Tamil

Maya Review: A Spooky Spectacle Set in an Asylum

Debutant filmmaker Ashwin Saravanan’s Maya is a complete horror flick that leaves you with enough chills by the end of it

Malini Mannath

Slickly crafted and engagingly narrated, debutant Ashwin Saravanan’s Maya is built around some eerie happenings around a mental asylum and a patient Maya who had died under mysterious circumstances. The events that took place 24 years ago affects the life of a group of people in the present.

A pure horror flick, the film is devoid of any comedy elements. The director has managed to maintain suspense from the beginning to the end. A film within a film, at times, the difference is blurred enough to confuse a layman, though the director pieces them together at the end.

Nayanthara is a revelation as she plays Apsara, who is estranged from her husband, and is the mother of a one-year-old baby girl. Acting in commercials and staying with her close friend Swathi (Lakshmipriya ably fitting in), it’s not an easy life for Apsara. The actor has played down her glamour quotient. And she takes you by surprise with her convincing portrayal in both the emotional moments and later, where she has to depict fear and horror.
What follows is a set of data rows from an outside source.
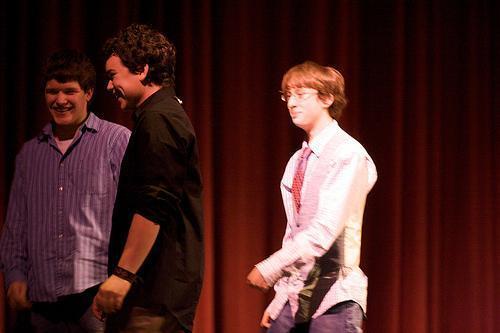How many boys are in the picture?
Give a very brief answer. 3. How many people have purple shirts?
Give a very brief answer. 1. 
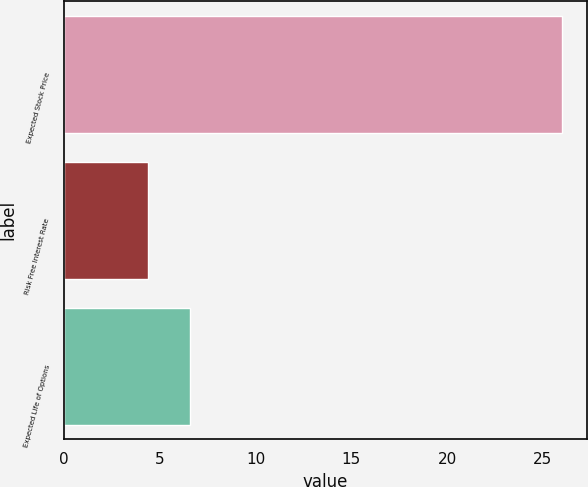<chart> <loc_0><loc_0><loc_500><loc_500><bar_chart><fcel>Expected Stock Price<fcel>Risk Free Interest Rate<fcel>Expected Life of Options<nl><fcel>26<fcel>4.4<fcel>6.56<nl></chart> 
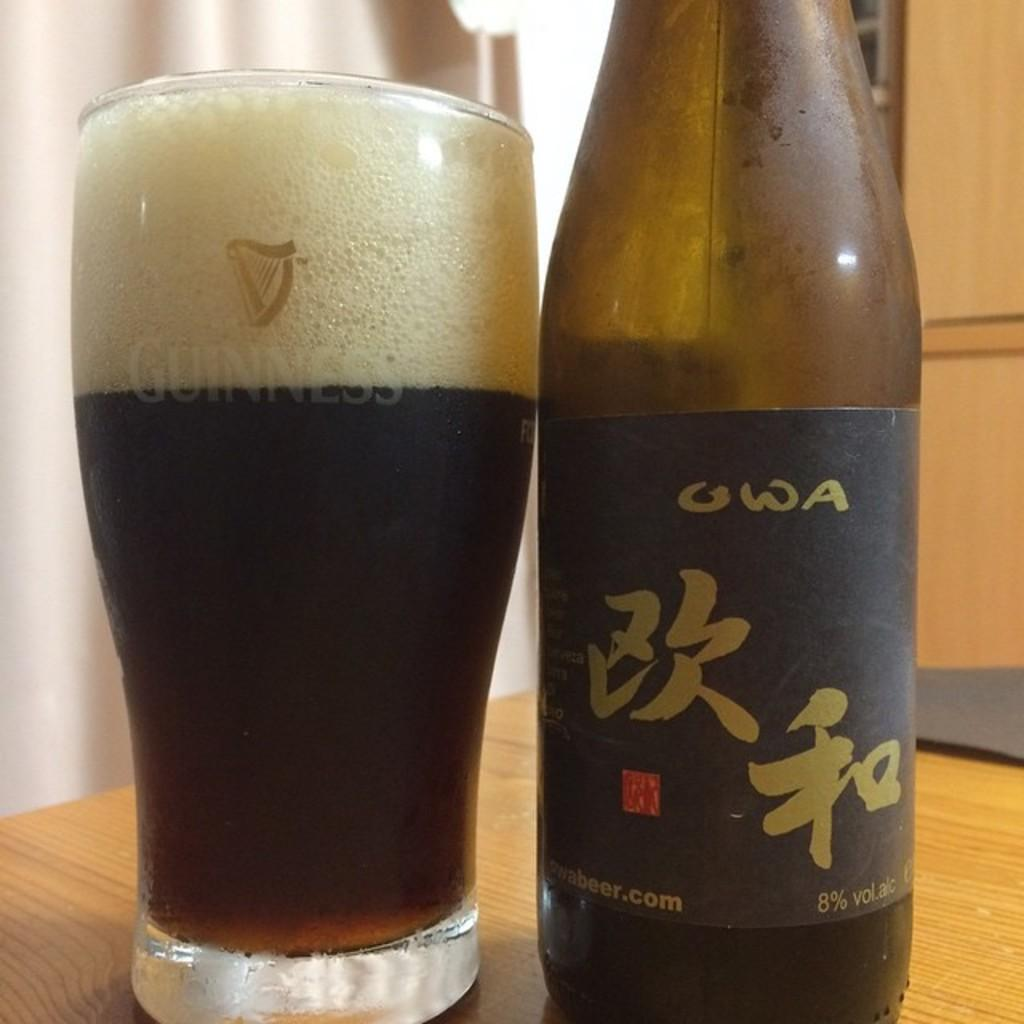Provide a one-sentence caption for the provided image. A bottle of OWA sits next to a full glass that says Guinness on it. 
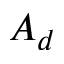<formula> <loc_0><loc_0><loc_500><loc_500>A _ { d }</formula> 
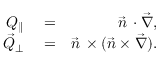<formula> <loc_0><loc_0><loc_500><loc_500>\begin{array} { r l r } { Q _ { \| } } & = } & { \vec { n } \, \cdot \vec { \nabla } , } \\ { \vec { Q } _ { \perp } } & = } & { \vec { n } \, \times ( \vec { n } \times \vec { \nabla } ) . } \end{array}</formula> 
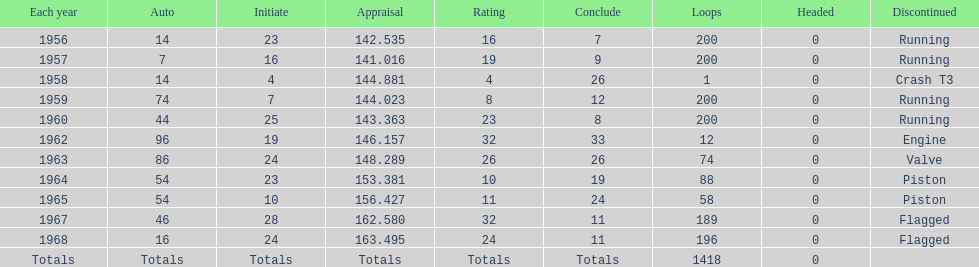How long did bob veith have the number 54 car at the indy 500? 2 years.

Aari as an illustrator for a magazine, in which the ghost’s story is serialised, plays his character with efficiency. He appears in a different avatar later. The rest of the actors are well cast and fit in suitably. There is RK. a film director (Gopi), who  is unable to sell his ghost-film Irul, and resorts to a marketing tactic. He promises to pay a handsome amount to anyone who can see the film alone at a theater. And Apsara in need of the money accepts the challenge.

What happens forms the rest of the story. There are the usual elements that one will associate with a supernatural-flick — startling sounds and mysterious images passing by, lights suddenly switching off and on. But the narrative style goes beyond this, offering a more horrifying scenario. Scenes of the mysterious deaths of those, who are curious about Maya’s story, taking a trip to the forest where once the asylum stood, is an edge-of-the-seat experience.

Some of the key strengths of the film are gripping background score and cinematography. The emotional quotient is also high with the mother-daughter sentiment strongly packed in.  But towards the end, one feels disconnected with the scenes, as the pace slackens; it could have been trimmed here.  After Demonte Colony, Maya offers unadulterated horror.